As you come to the end of January 2024, you’re starting to realize that perhaps those new year’s resolutions were to ambitious; or maybe they didn’t pan out the way that you thought they would, or maybe-
It was just harder than it looked or took way too much energy to follow through.
The stressors of that commitment are starting to make you feel like a failure…
Or perhaps life took an unexpected turn, and something happened that was way out of your control.
Maybe you started a new goal and it’s working out so well, that you’re already thinking about something more, something bigger, something better…
Whatever is the focus of your stress, you may be beginning to have thoughts about your ability or the uncertainty of what’s to come.
Stress is a natural and necessary part of our lives.
While positive stress can be helpful to motivate us in positive ways to grow and achieve, negative stress can have the opposite impact.
Stress is a natural response of worry or tension that is usually caused by what we perceive to be a difficult situation. Everyone experiences stress in their lives regardless of age, gender, or cultural background; it can be experienced in both positive and negative ways.
So what are the differences of stress and how do we identify it?
Positive stress:
· Usually occurs during excitement
· No threat or fear present
· Short-term
· Motivates you
· Enhances performance
· Can be inspiring
Negative stress:
· Energy depleting
· Decreases performance
· Can lead to anxiety
· Causes confusion
· Inability to concentrate
· Long-term dysfunction
Learning to manage stress can be difficult without practice and a plan. It maybe helpful to focus on being intentional and exercising 3 ways to reduce stress. Having a consistent focus on understanding stress, identifying it when it happens, and learning how to navigate through it- are just a few things to consider.

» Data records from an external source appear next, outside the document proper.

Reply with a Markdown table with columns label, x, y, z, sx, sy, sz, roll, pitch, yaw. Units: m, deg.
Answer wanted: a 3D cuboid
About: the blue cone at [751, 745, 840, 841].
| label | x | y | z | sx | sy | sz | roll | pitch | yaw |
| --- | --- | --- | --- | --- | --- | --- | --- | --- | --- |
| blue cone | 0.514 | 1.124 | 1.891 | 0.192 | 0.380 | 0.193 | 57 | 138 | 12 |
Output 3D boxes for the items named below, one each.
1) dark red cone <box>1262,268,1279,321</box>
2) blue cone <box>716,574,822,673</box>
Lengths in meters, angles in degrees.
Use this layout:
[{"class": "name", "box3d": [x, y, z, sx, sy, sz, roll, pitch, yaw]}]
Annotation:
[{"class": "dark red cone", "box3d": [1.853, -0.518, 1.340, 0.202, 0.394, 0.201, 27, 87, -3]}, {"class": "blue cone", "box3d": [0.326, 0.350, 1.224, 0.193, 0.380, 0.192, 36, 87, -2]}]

According to the National Alliance in Mental Illness (NAMI), there are times that we are most vulnerable to stress:
· Not getting enough sleep
· Not having a strong support network
· Major life changes such as having a baby, starting a new job, moving, getting married, or a death of a loved one
· Poor physical health
· Not eating well
Having a personalized stress management approach will help towards experiencing a better quality of life.
So, what are the 3 ways we can intentionally explore to reduce stress in 2024?

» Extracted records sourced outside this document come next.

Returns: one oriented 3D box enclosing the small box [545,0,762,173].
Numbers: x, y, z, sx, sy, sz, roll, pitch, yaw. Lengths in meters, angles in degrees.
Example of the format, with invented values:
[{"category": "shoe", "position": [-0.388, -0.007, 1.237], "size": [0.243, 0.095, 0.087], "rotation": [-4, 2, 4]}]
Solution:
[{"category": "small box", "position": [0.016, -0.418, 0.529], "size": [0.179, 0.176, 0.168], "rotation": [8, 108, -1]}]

1. Gratitude- often we become focused on what we haven’t achieved or what we don’t have and forget to recognize how blessed we are. Gratitude is the readiness to acknowledge appreciation for what you do have or where you are in this stage of your life. Practicing the state of gratitude can lead to a positive mood change, the motivation to engage in kindness, and the confidence to embrace your ability to manage stress in the face of challenges.

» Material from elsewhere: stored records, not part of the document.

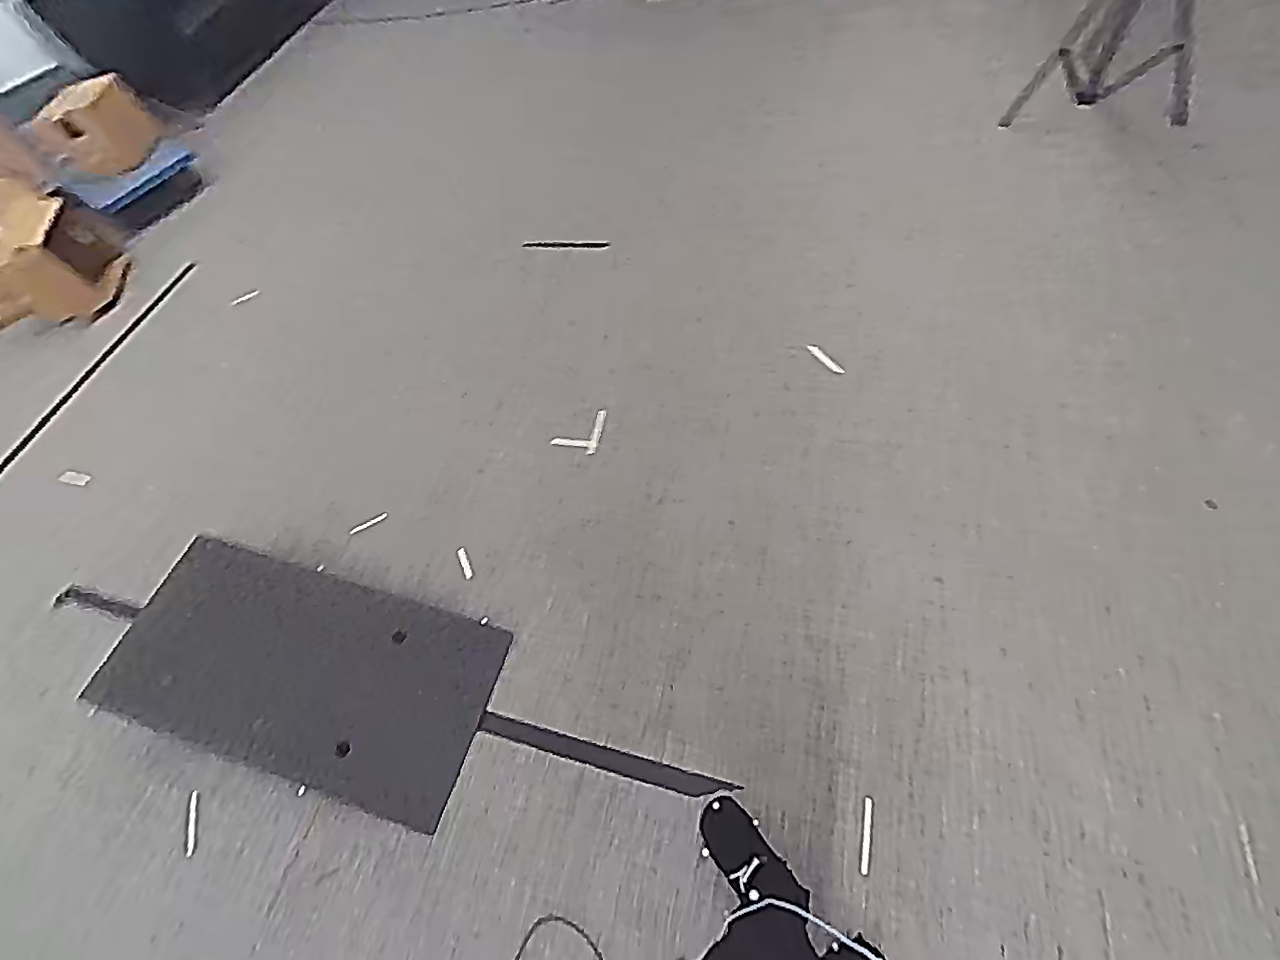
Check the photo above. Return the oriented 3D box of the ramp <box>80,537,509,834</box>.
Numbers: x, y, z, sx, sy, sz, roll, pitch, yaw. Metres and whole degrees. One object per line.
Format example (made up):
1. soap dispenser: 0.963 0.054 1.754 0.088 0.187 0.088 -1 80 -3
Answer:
1. ramp: -0.896 0.501 1.438 0.991 0.206 0.509 9 61 15
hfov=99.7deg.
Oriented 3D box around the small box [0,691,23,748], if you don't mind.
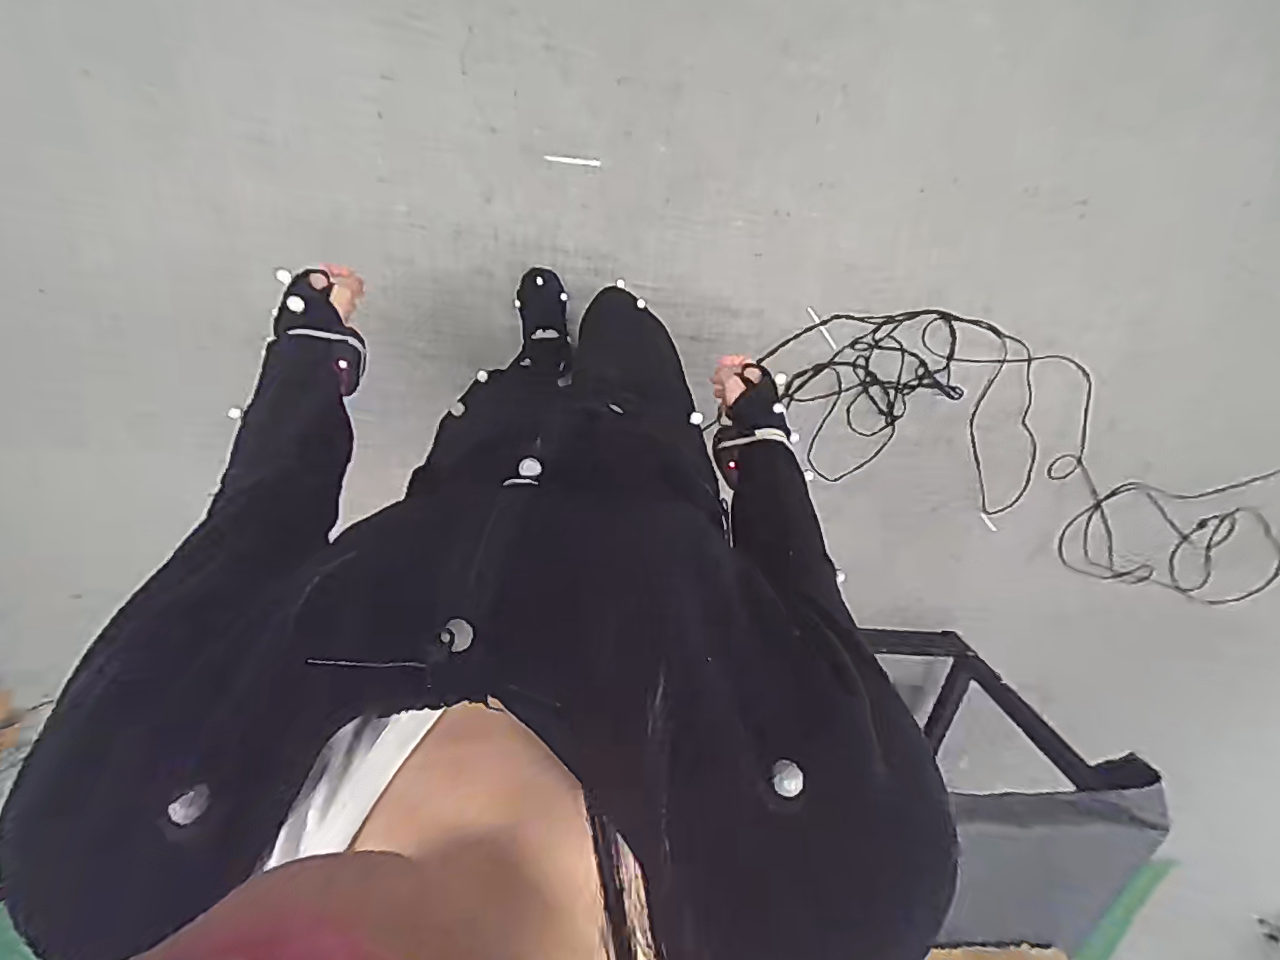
[{"bbox_3d":[-1.956,0.720,1.545,0.179,0.176,0.168,6,112,-10],"label":"small box"}]
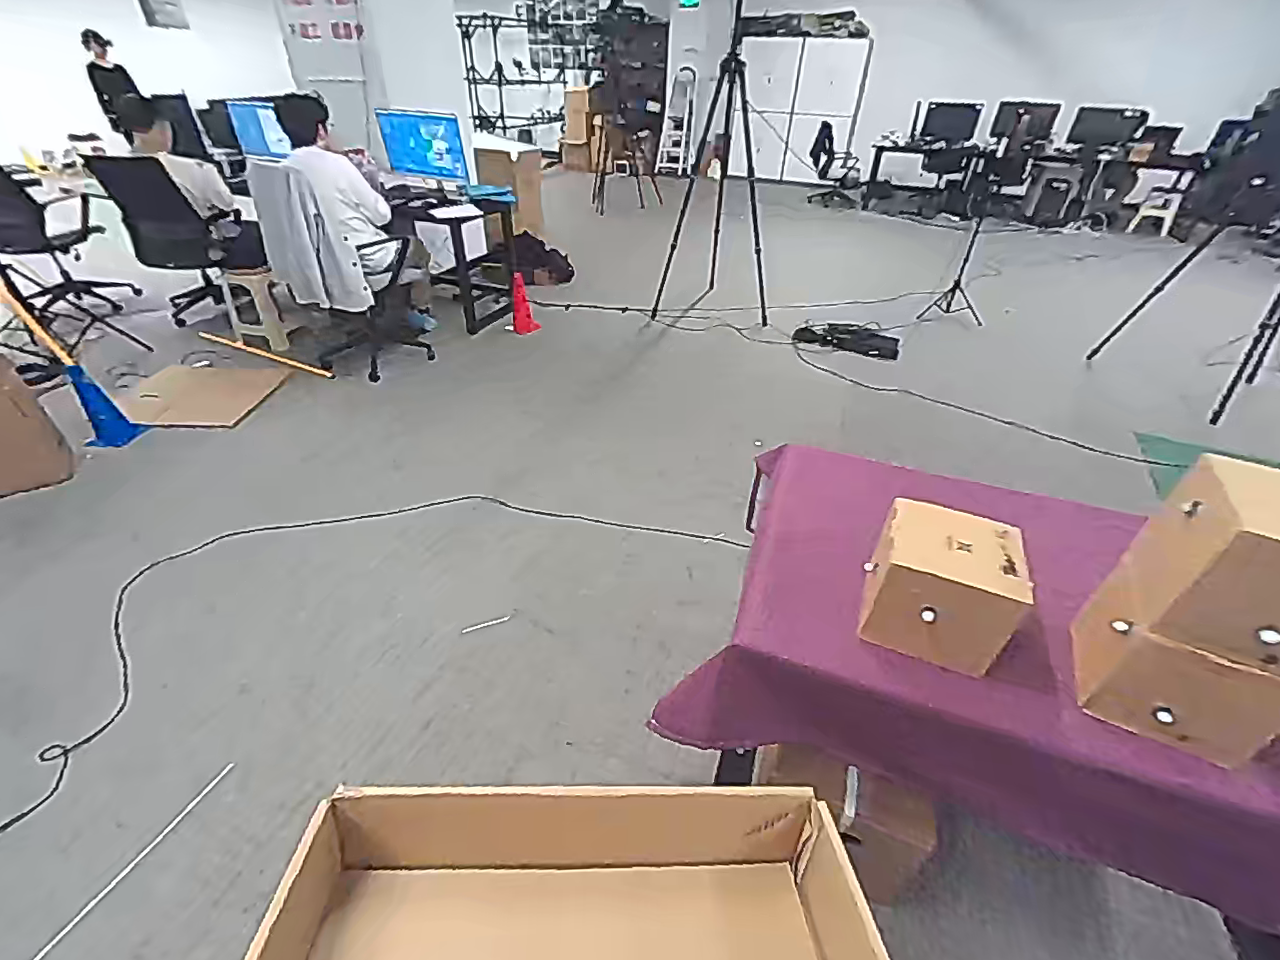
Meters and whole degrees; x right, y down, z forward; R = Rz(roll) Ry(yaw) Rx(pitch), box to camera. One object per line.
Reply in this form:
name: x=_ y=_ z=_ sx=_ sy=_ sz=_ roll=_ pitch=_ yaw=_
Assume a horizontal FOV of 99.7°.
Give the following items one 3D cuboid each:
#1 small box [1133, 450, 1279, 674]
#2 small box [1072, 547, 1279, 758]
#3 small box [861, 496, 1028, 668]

2. Celebration- can promote positive engagement and has a multitude of prosocial benefits. No matter how you choose to celebrate, the very act of acknowledging that milestone can bring on a sense of relief. Sharing in celebration can have you experience community and connection. Celebration can reduce the morbid thoughts that lead towards isolation and increase motivating thoughts towards moving forward.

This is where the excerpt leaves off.